At 1.8.24 Cash flow At 31.7.25
£    £    £   
Net cash
Cash at bank and in hand 1,660,257 779,542 2,439,799
1,660,257 779,542 2,439,799

Liquid resources
Current asset investments 330 - 330
330 - 330
Debt
Debts falling due within 1 year (222,522 ) (46,791 ) (269,313 )
Debts falling due after 1 year (41,697,481 ) (2,857,236 ) (44,554,717 )
(41,920,003 ) (2,904,027 ) (44,824,030 )
Total (40,259,416 ) (2,124,485 ) (42,383,901 )

33. CASH AT BANK IN TRUST FOR LESSEES

The group holds £18,680 (2024 - £18,449) as trustees for tenants for the investment properties, being for the management and maintenance of the properties.

34. UNUSED COMMITTED BANK FACILITIES

As at 31st July 2025 the company had access to the group's unused bank facilities amounting to £5,090,000 under a facility which is cross guaranteed between the holding company and fellow subsidiaries.

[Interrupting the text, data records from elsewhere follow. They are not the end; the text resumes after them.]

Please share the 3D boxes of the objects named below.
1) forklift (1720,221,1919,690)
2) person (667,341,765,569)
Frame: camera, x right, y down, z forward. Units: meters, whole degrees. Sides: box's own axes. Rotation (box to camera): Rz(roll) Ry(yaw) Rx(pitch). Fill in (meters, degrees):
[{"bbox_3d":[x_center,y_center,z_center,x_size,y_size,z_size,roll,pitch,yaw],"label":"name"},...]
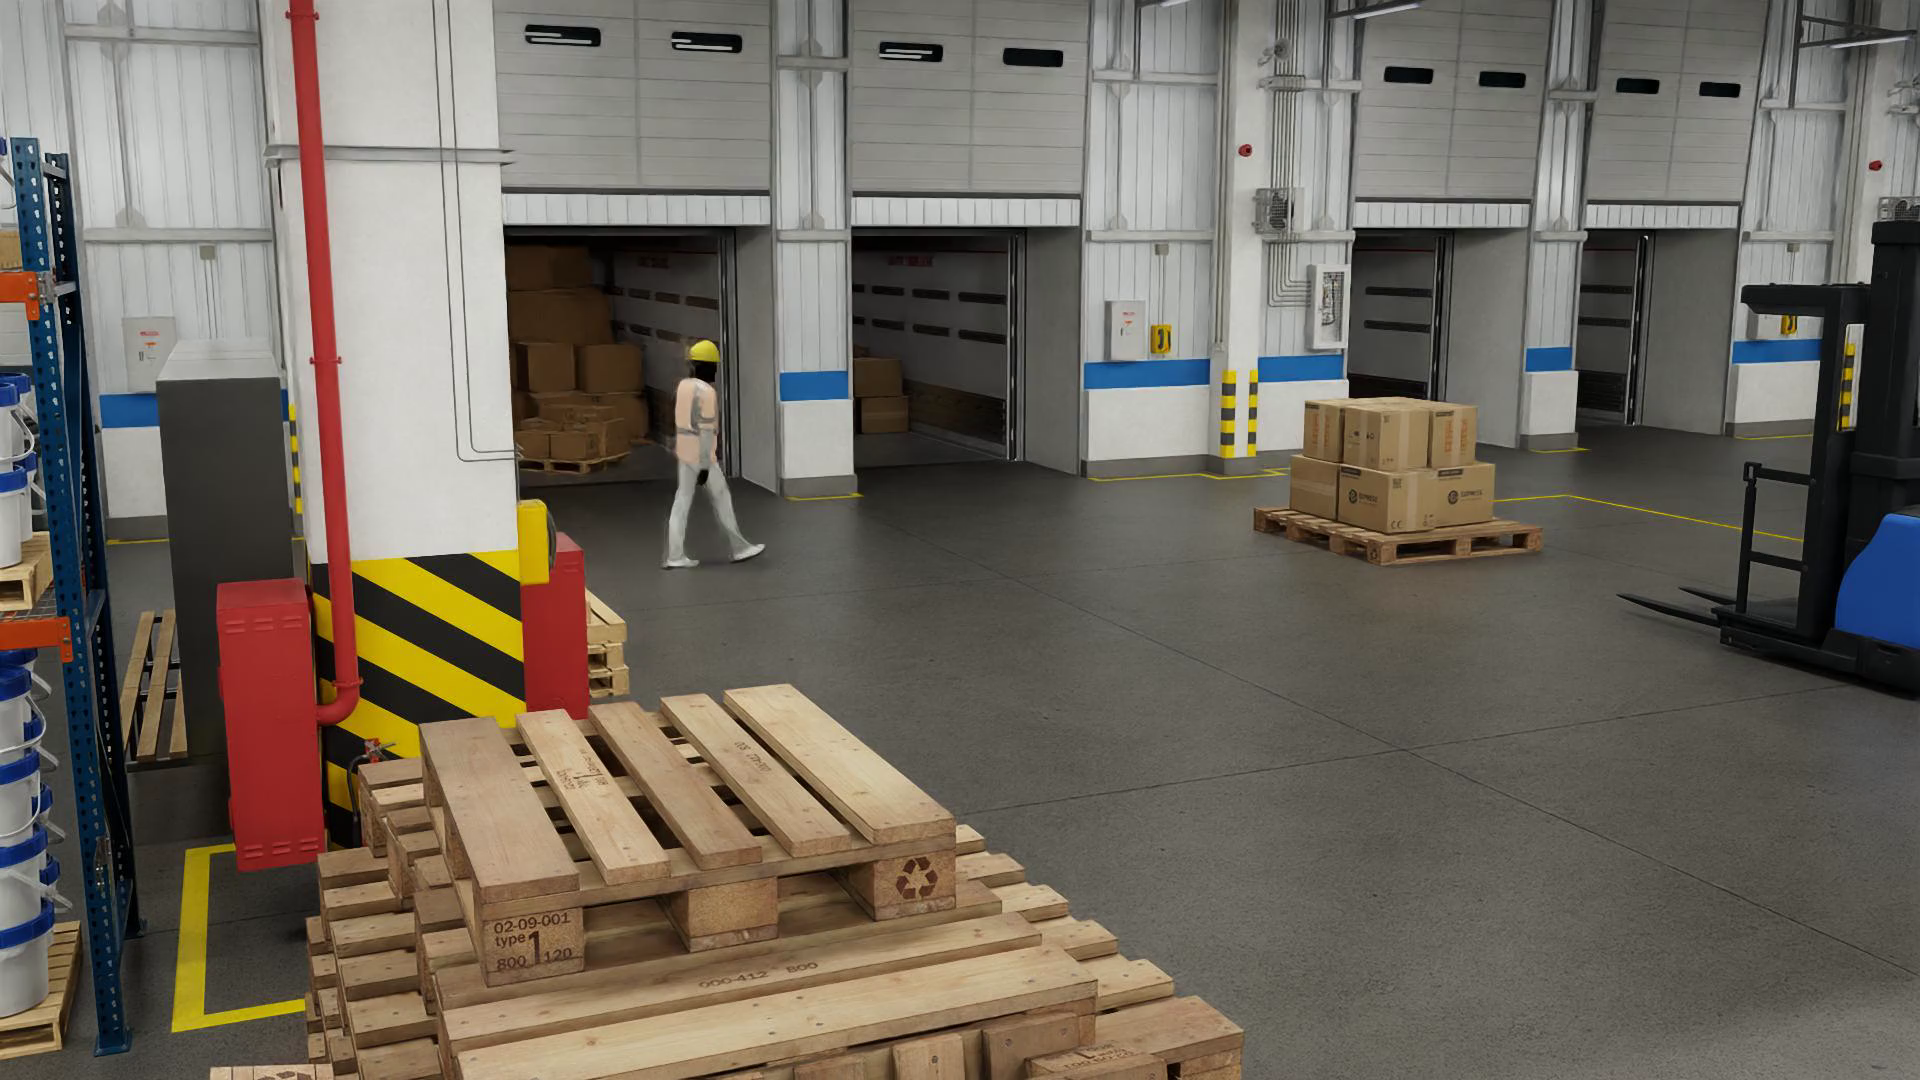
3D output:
[{"bbox_3d":[5.949,-0.550,10.218,1.129,2.768,1.873,-4,11,-23],"label":"forklift"},{"bbox_3d":[-2.077,-0.711,13.875,0.949,1.880,0.594,-9,14,-41],"label":"person"}]

In addition, group cash balances at 31st July 2025 were £2,439,799 making total funds available of £7,529,799.

35. SECURITY FOR BANK BORROWINGS

Sectorsure No 10 Limited’s banking facilities with Barclays Bank PLC are secured by fixed charges over certain company properties together with a debenture in favour of Barclays Bank PLC. The facilities are additionally supported by an unlimited guarantee provided by Sectorsure Limited.

36. PRIOR YEAR ADJUSTMENT

On 24 May 2023, Sectorsure No. 10 Ltd disposed of its BP-branded freehold petrol station at Cambridge Heath Road, London, to its parent company, Trevellyan Developments Limited.

Following a subsequent review, a prior period adjustment of £12,049,500 has been recognised to reflect the lapse of a previously granted development planning consent and to ensure that the property was recorded on transfer at its appropriate investment value, consistent with the accounting policies applied within Trevellyan Developments Limited.

This adjustment has resulted in a reduction in investment property and a corresponding reduction in amounts due to group undertakings.

The adjustment has been treated as a prior period adjustment in accordance with FRS 102.